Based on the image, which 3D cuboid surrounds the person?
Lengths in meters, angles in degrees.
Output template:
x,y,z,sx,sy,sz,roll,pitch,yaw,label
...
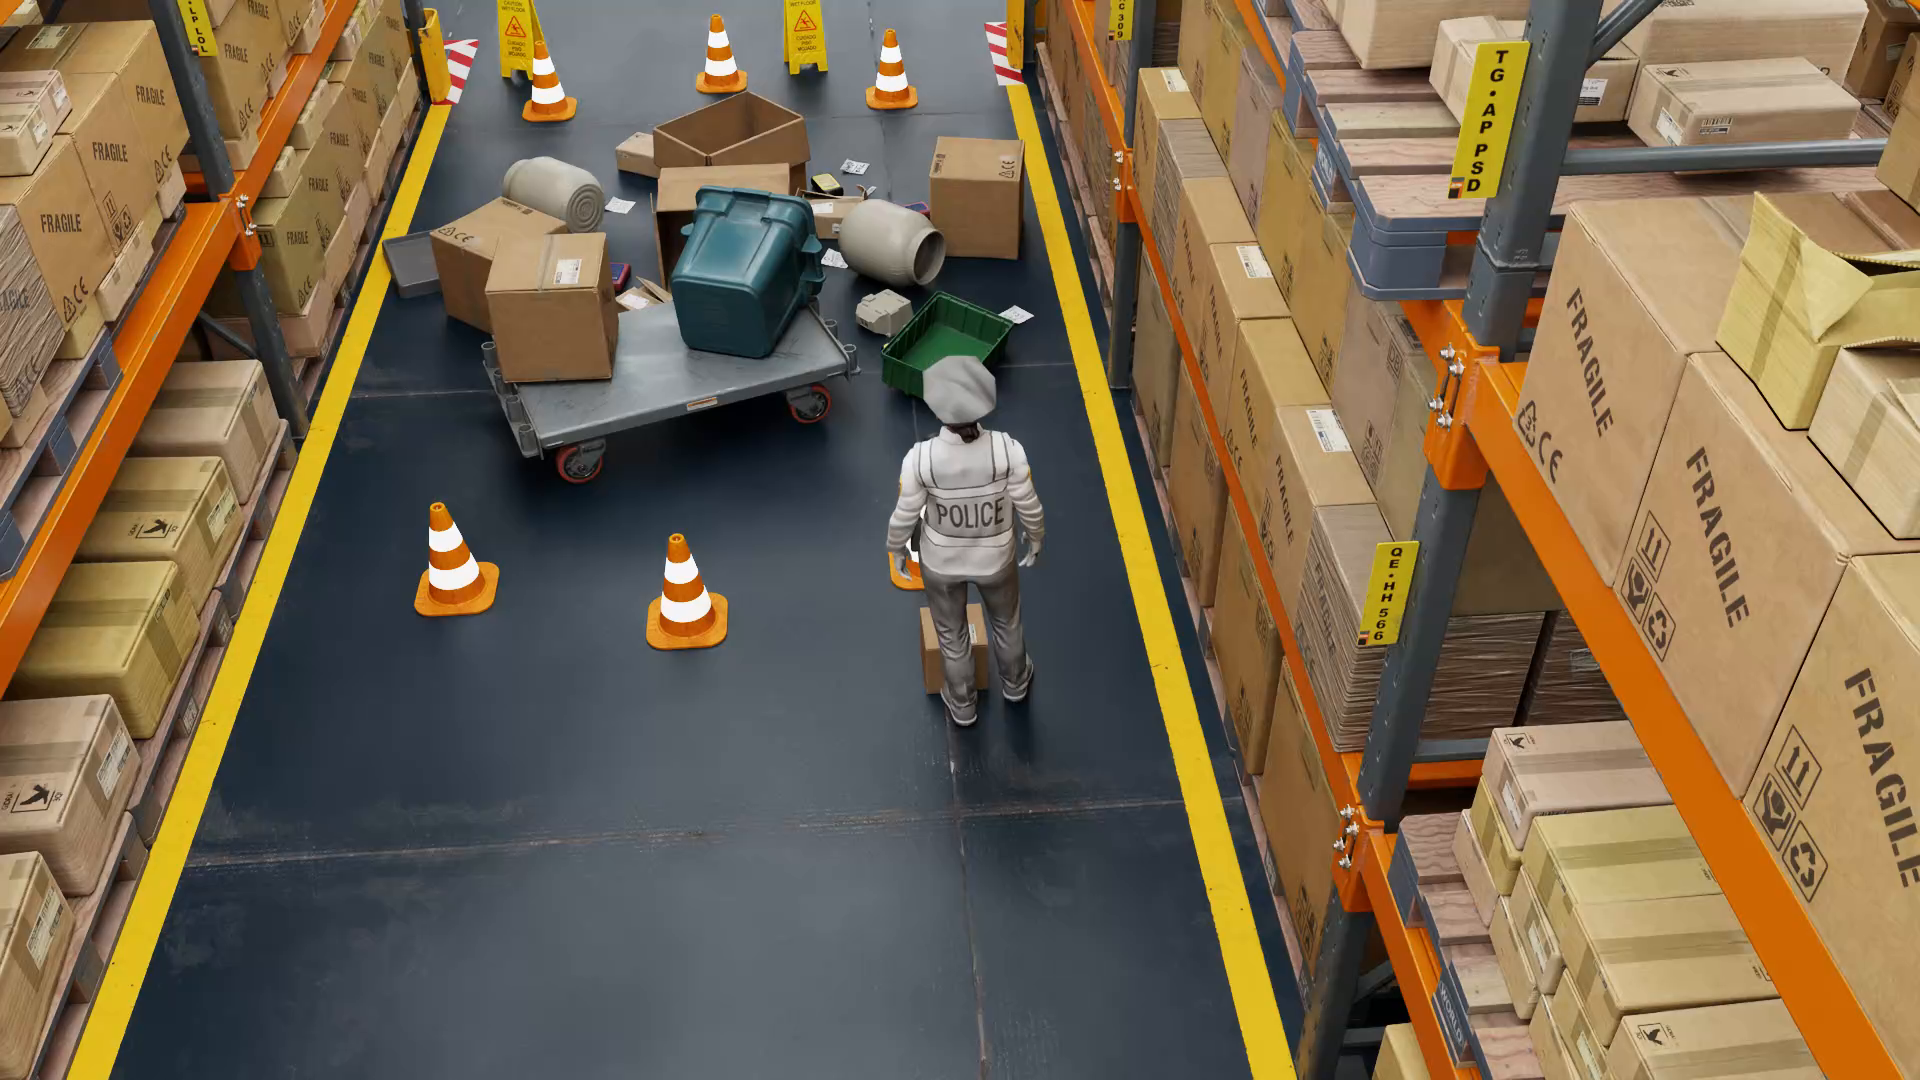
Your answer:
x,y,z,sx,sy,sz,roll,pitch,yaw,label
0.021,0.004,6.109,0.588,1.696,0.532,-3,39,-4,person
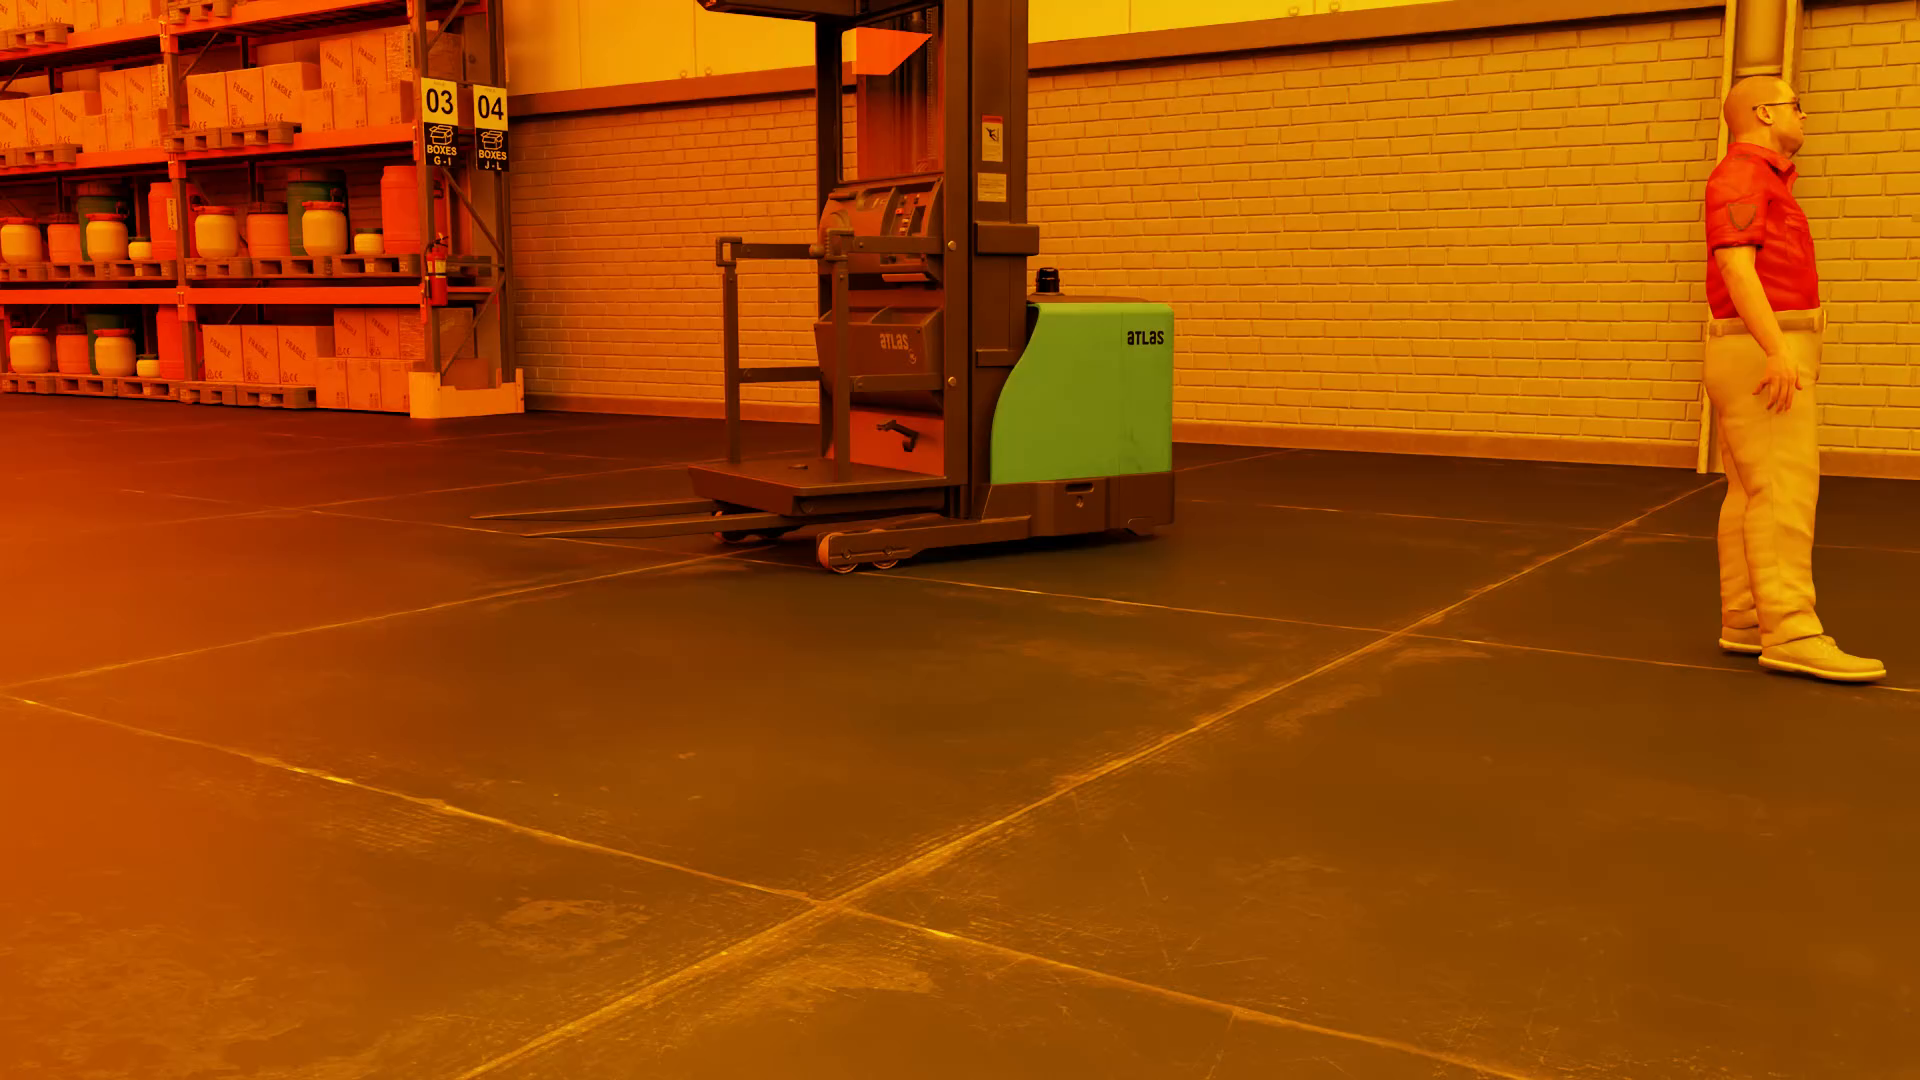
::::::
▶ **Task prompt**: Only the pictures are to be omitted; the records above must otherwise be reproduced exactly.

▶ **Result**:
Based on the image, which 3D cuboid surrounds the person?
Lengths in meters, angles in degrees.
Output template:
x,y,z,sx,sy,sz,roll,pitch,yaw,label
...
Your answer:
x,y,z,sx,sy,sz,roll,pitch,yaw,label
0.021,0.004,6.109,0.588,1.696,0.532,-3,39,-4,person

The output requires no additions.